The Effect of Donor Star Rejuvenation on Common Envelope Evolution

TL;DR

This study uses 3D hydrodynamics simulations to examine how donor star rejuvenation affects common envelope evolution in binary systems, revealing significant impacts on inspiral duration and ejecta morphology.

Contribution

It introduces the first detailed comparison of common envelope evolution with rejuvenated versus non-rejuvenated donor star models.

Findings

Rejuvenation halves the inspiral duration.

Rejuvenated donors produce more asymmetric, equatorially concentrated ejecta.
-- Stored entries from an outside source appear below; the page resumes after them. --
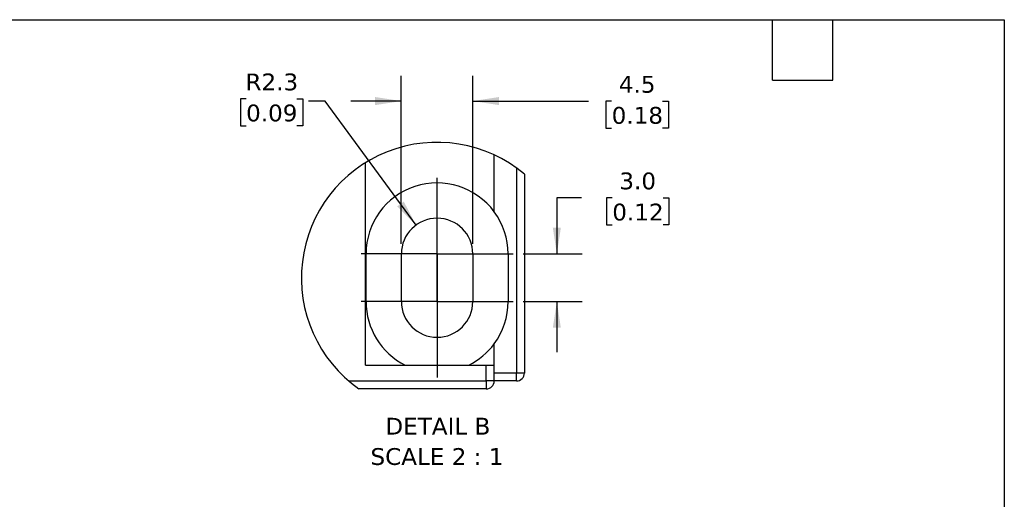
# Model space of a CAD drawing. Header units: millimetres. Extents: x 6 to 273, y 6 to 210.
# Tile 44 of 44: x 149 to 273, y 149 to 210. Entities that reach past the tile are written whole.
import ezdxf

# ---------------------------------------------------------------- set-up
doc = ezdxf.new("R2010")
doc.units = ezdxf.units.MM
doc.linetypes.add('SLD-Center', pattern=[19.05, 15.24, -1.27, 1.27, -1.27])
doc.linetypes.add('SLD-Solid', pattern=[0])
doc.layers.add('CENTER', color=40, linetype='SLD-Center')
doc.layers.add('SLD-DEFPOINTS', color=7, linetype='Continuous')
doc.layers.add('DIMENSIONS', color=140, linetype='SLD-Solid', lineweight=25)
doc.layers.add('TEXT', color=140, linetype='SLD-Solid', lineweight=25)
doc.styles.add('SLDTEXTSTYLE0', font='VERDANA.TTF')
doc.dimstyles.new('SLDDIMSTYLE4', dxfattribs={"dimtxt": 2.158008, "dimasz": 3.302, "dimexe": 0, "dimexo": 0.0625, "dimgap": 0.539502, "dimtad": 0, "dimtih": 1, "dimtoh": 1, "dimlfac": 0.5, "dimrnd": 1e-09, "dimzin": 4, "dimdsep": 46, "dimtxsty": 'SLDTEXTSTYLE0', "dimsah": 1, "dimcen": 0.09, "dimadec": 0, "dimazin": 1, "dimtfac": 1, "dimtmove": 0, "dimatfit": 0, "dimfxl": 0, "dimfrac": 2, "dimtolj": 1, "dimtzin": 12, "dimarcsym": 0})
doc.dimstyles.new('SLDDIMSTYLE5', dxfattribs={"dimtxt": 2.158008, "dimasz": 3.302, "dimexe": 0, "dimexo": 0.0625, "dimgap": 0.539502, "dimtad": 0, "dimtih": 1, "dimtoh": 1, "dimlfac": 0.5, "dimrnd": 1e-09, "dimzin": 12, "dimdsep": 46, "dimtxsty": 'SLDTEXTSTYLE0', "dimsah": 1, "dimcen": 0.09, "dimadec": 0, "dimazin": 3, "dimtfac": 1, "dimtmove": 0, "dimatfit": 0, "dimfxl": 0, "dimfrac": 2, "dimtolj": 1, "dimtzin": 12, "dimarcsym": 0})
doc.dimstyles.new('SLDDIMSTYLE6', dxfattribs={"dimtxt": 2.158008, "dimasz": 3.302, "dimexe": 0, "dimexo": 0.0625, "dimgap": 0.539502, "dimtad": 0, "dimtih": 1, "dimtoh": 1, "dimlfac": 0.5, "dimrnd": 1e-09, "dimzin": 12, "dimdsep": 46, "dimtxsty": 'SLDTEXTSTYLE0', "dimsah": 1, "dimcen": 0, "dimadec": 0, "dimazin": 3, "dimtfac": 1, "dimtofl": 0, "dimtmove": 0, "dimatfit": 3, "dimfxl": 0, "dimfrac": 2, "dimtolj": 1, "dimtzin": 12, "dimarcsym": 0})

# ---------------------------------------------------------------- blocks, each defined once
blk = doc.blocks.new('_D_12')
at = {"layer": 'DIMENSIONS'}
for p, q in [((219.79, 187.13), (216.7, 187.13)), ((216.7, 187.13), (216.7, 180.04)), ((223.68, 187.13), (222.95, 187.13)), ((222.95, 187.13), (222.95, 183.7)), ((230.09, 187.13), (230.81, 187.13)), ((230.81, 187.13), (230.81, 183.7)), ((222.95, 183.7), (223.68, 183.7)), ((230.81, 183.7), (230.09, 183.7)), ((212.46, 180.04), (219.87, 180.04)), ((212.46, 174.04), (219.87, 174.04)), ((216.7, 174.04), (216.7, 167.69))]:
    blk.add_line(p, q, dxfattribs=at)
for points in [[(216.7, 180.04), (217.2, 183.34), (216.19, 183.34)], [(216.7, 174.04), (216.19, 170.74), (217.2, 170.74)]]:
    blk.add_solid(points, dxfattribs=at)
at = {"layer": 'DIMENSIONS', "char_height": 2.117, "attachment_point": 1, "style": 'SLDTEXTSTYLE0'}
for s, insert in [('3.0', (224.57, 190.3)), ('0.12', (223.68, 186.38))]:
    blk.add_mtext(s, dxfattribs=dict(at, insert=insert))
blk = doc.blocks.new('_D_13')
at = {"layer": 'DIMENSIONS'}
for p, q in [((197.11, 181.31), (197.11, 202.47)), ((206.11, 181.31), (206.11, 202.47)), ((197.11, 199.3), (190.76, 199.3)), ((206.11, 199.3), (220.68, 199.3)), ((223.6, 199.3), (222.88, 199.3)), ((222.88, 199.3), (222.88, 195.87)), ((230.01, 199.3), (230.74, 199.3)), ((230.74, 199.3), (230.74, 195.87)), ((222.88, 195.87), (223.6, 195.87)), ((230.74, 195.87), (230.01, 195.87))]:
    blk.add_line(p, q, dxfattribs=at)
for points in [[(197.11, 199.3), (193.81, 199.81), (193.81, 198.79)], [(206.11, 199.3), (209.42, 198.79), (209.42, 199.81)]]:
    blk.add_solid(points, dxfattribs=at)
at = {"layer": 'DIMENSIONS', "char_height": 2.117, "attachment_point": 1, "style": 'SLDTEXTSTYLE0'}
for s, insert in [('4.5', (224.5, 202.47)), ('0.18', (223.6, 198.56))]:
    blk.add_mtext(s, dxfattribs=dict(at, insert=insert))
blk = doc.blocks.new('_D_14')
at = {"layer": 'DIMENSIONS'}
for p, q in [((177.56, 199.6), (176.84, 199.6)), ((176.84, 199.6), (176.84, 196.17)), ((183.97, 199.6), (184.7, 199.6)), ((184.7, 199.6), (184.7, 196.17)), ((187.53, 199.3), (185.42, 199.3)), ((198.96, 183.67), (187.53, 199.3)), ((176.84, 196.17), (177.56, 196.17)), ((184.7, 196.17), (183.97, 196.17))]:
    blk.add_line(p, q, dxfattribs=at)
blk.add_solid([(198.96, 183.67), (197.42, 186.64), (196.6, 186.04)], dxfattribs=at)
at = {"layer": 'DIMENSIONS', "char_height": 2.117, "attachment_point": 1, "style": 'SLDTEXTSTYLE0'}
for s, insert in [('R2.3', (177.48, 202.77)), ('0.09', (177.56, 198.86))]:
    blk.add_mtext(s, dxfattribs=dict(at, insert=insert))
blk = doc.blocks.new('SW_NOTE_0_8')
at = {"layer": 'TEXT', "color": 0, "attachment_point": 2, "style": 'SLDTEXTSTYLE0'}
for s, insert, char_height in [('DETAIL B', (6.42, 2.69), 2.117), ('SCALE 2 : 1', (6.31, -1.13), 2.1167)]:
    blk.add_mtext(s, dxfattribs=dict(at, insert=insert, char_height=char_height))
blk = doc.blocks.new('SW_CENTERMARKSYMBOL_18')
at = {"layer": 'CENTER', "color": 0}
for p, q in [((0, 5.08), (0, 9.58)), ((0, 0), (0, 5.08)), ((-5.08, 0), (-9.58, 0)), ((0, 0), (-5.08, 0)), ((0, 0), (0, -5.08)), ((0, 0), (5.08, 0)), ((5.08, 0), (9.58, 0)), ((0, -5.08), (0, -9.58))]:
    blk.add_line(p, q, dxfattribs=at)
blk = doc.blocks.new('SW_CENTERMARKSYMBOL_19')
at = {"layer": 'CENTER', "color": 0}
for p, q in [((0, 5.08), (0, 9.58)), ((0, 0), (0, 5.08)), ((-5.08, 0), (-9.58, 0)), ((0, 0), (-5.08, 0)), ((0, 0), (0, -5.08)), ((0, 0), (5.08, 0)), ((5.08, 0), (9.58, 0)), ((0, -5.08), (0, -9.58))]:
    blk.add_line(p, q, dxfattribs=at)

msp = doc.modelspace()

# ---------------------------------------------------------------- linework, layer by layer
for p, q in [((208.814, 185.358), (208.814, 192.514)), ((192.614, 166.042), (192.614, 191.544)), ((211.614, 190.874), (211.614, 165.042)), ((212.614, 190.094), (212.614, 165.042)), ((192.664, 174.042), (192.664, 180.042)), ((197.114, 174.042), (197.114, 180.042)), ((206.114, 180.042), (206.114, 174.042)), ((210.564, 180.042), (210.564, 174.042)), ((208.814, 166.042), (208.814, 168.726)), ((192.614, 166.042), (207.814, 166.042)), ((207.814, 164.042), (207.814, 166.042)), ((207.814, 166.042), (208.814, 166.042)), ((208.814, 165.042), (208.814, 166.042)), ((208.814, 164.042), (208.814, 165.042)), ((211.614, 165.042), (208.814, 165.042)), ((212.614, 165.042), (211.614, 165.042)), ((211.614, 164.042), (211.614, 165.042)), ((190.49, 164.042), (207.814, 164.042)), ((207.814, 164.042), (207.814, 163.042)), ((208.814, 164.042), (207.814, 164.042)), ((211.614, 164.042), (208.814, 164.042)), ((207.814, 163.042), (191.775, 163.042))]:
    msp.add_line(p, q)
for centre, radius, start, end in [((201.614, 180.042), 8.95, 36.44098, 179.99997), ((201.614, 180.042), 8.95, 0.00023, 36.44074), ((201.614, 180.042), 4.5, 0.00003, 179.99997), ((201.614, 174.042), 8.95, 179.99998, 243.36175), ((201.614, 174.042), 4.5, 180.00003, 359.99997), ((201.614, 174.042), 8.95, 323.55921, 359.9998), ((201.614, 174.042), 8.95, 296.63842, 323.55888), ((211.614, 165.042), 1, 270.0003, 359.99948), ((207.814, 164.042), 1, 270.0003, 359.9997)]:
    msp.add_arc(centre, radius, start, end)
at = {"layer": 'SLD-DEFPOINTS'}
msp.add_arc((201.614, 177.016), 17.09, 49.93193, 234.85079, dxfattribs=at)
at = {"layer": 'TEXT'}
for p, q in [((6.35, 209.55), (273.05, 209.55)), ((243.84, 201.93), (243.84, 209.55)), ((251.46, 201.93), (251.46, 209.55)), ((273.05, 209.55), (273.05, 6.35)), ((243.84, 201.93), (251.46, 201.93))]:
    msp.add_line(p, q, dxfattribs=at)

# ---------------------------------------------------------------- block references
at = {"layer": 'CENTER'}
for name, p in [('SW_CENTERMARKSYMBOL_18', (201.614, 180.042)), ('SW_CENTERMARKSYMBOL_19', (201.614, 174.042))]:
    msp.add_blockref(name, p, dxfattribs=at)
at = {"layer": 'TEXT'}
msp.add_blockref('SW_NOTE_0_8', (195.295, 156.714), dxfattribs=at)

# ---------------------------------------------------------------- dimensions: what is measured, and where the dimension line sits
at = {"layer": 'DIMENSIONS'}
dim = msp.add_radius_dim(center=(201.614, 180.042), mpoint=(198.958, 183.674), dimstyle='SLDDIMSTYLE6', dxfattribs=at)
dim.commit()
dim.dimension.update_dxf_attribs({"geometry": '_D_14', "text_midpoint": (180.767, 199.298), "dimtype": 164})
dim = msp.add_linear_dim(base=(206.114, 199.298), p1=(197.114, 180.042), p2=(206.114, 180.042), dimstyle='SLDDIMSTYLE5', dxfattribs=at)
dim.commit()
dim.dimension.update_dxf_attribs({"geometry": '_D_13', "text_midpoint": (226.808, 199.298), "dimtype": 160})
dim = msp.add_linear_dim(base=(216.696, 180.042), p1=(211.194, 174.042), p2=(211.194, 180.042), angle=90, dimstyle='SLDDIMSTYLE4', dxfattribs=at)
dim.commit()
dim.dimension.update_dxf_attribs({"geometry": '_D_12', "text_midpoint": (216.696, 187.126), "dimtype": 160})

doc.saveas('drawing.dxf')

Rejuvenation reduces unbound mass by 20-40%.

Abstract

In close binary star systems, common envelope evolution may occur after a previous phase of mass transfer. Some isolated formation channels for double neutron star binaries suggest that the donor of common envelope evolution was the accretor of a previous phase of stable mass transfer. Accretion should substantially alter the structure of the donor, particularly by steepening the density gradient at the core-envelope interface and rejuvenating the star. We study the common envelope evolution of a donor that was the accretor of a previous phase of stable mass transfer and has a rejuvenated structure. We perform 3D hydrodynamics simulations of the common envelope evolution of a 18 $M_\odot$ supergiant with a 1.4 $M_\odot$ companion using rejuvenated and non-rejuvenated 1D stellar models for the donor. We compare the two simulations to characterize the effect of the rejuvenation on the outcome of the common envelope phase and the shape of the ejecta. We find that accounting for a previous phase of mass transfer reduces the duration of the inspiral phase by a factor of two, likely due to the different structure in the outer layers of the donor. In the rejuvenated case, the simulations show more equatorially concentrated and asymmetric ejecta, though both cases display evidence for the formation of a pressure-supported thick circumbinary disk. During the dynamical inspiral phase, the impact of rejuvenation on the unbinding of the envelope is unclear; we find that rejuvenation decreases the amount of unbound mass by 20$\%$ to 40$\%$ depending on the energy criterion used.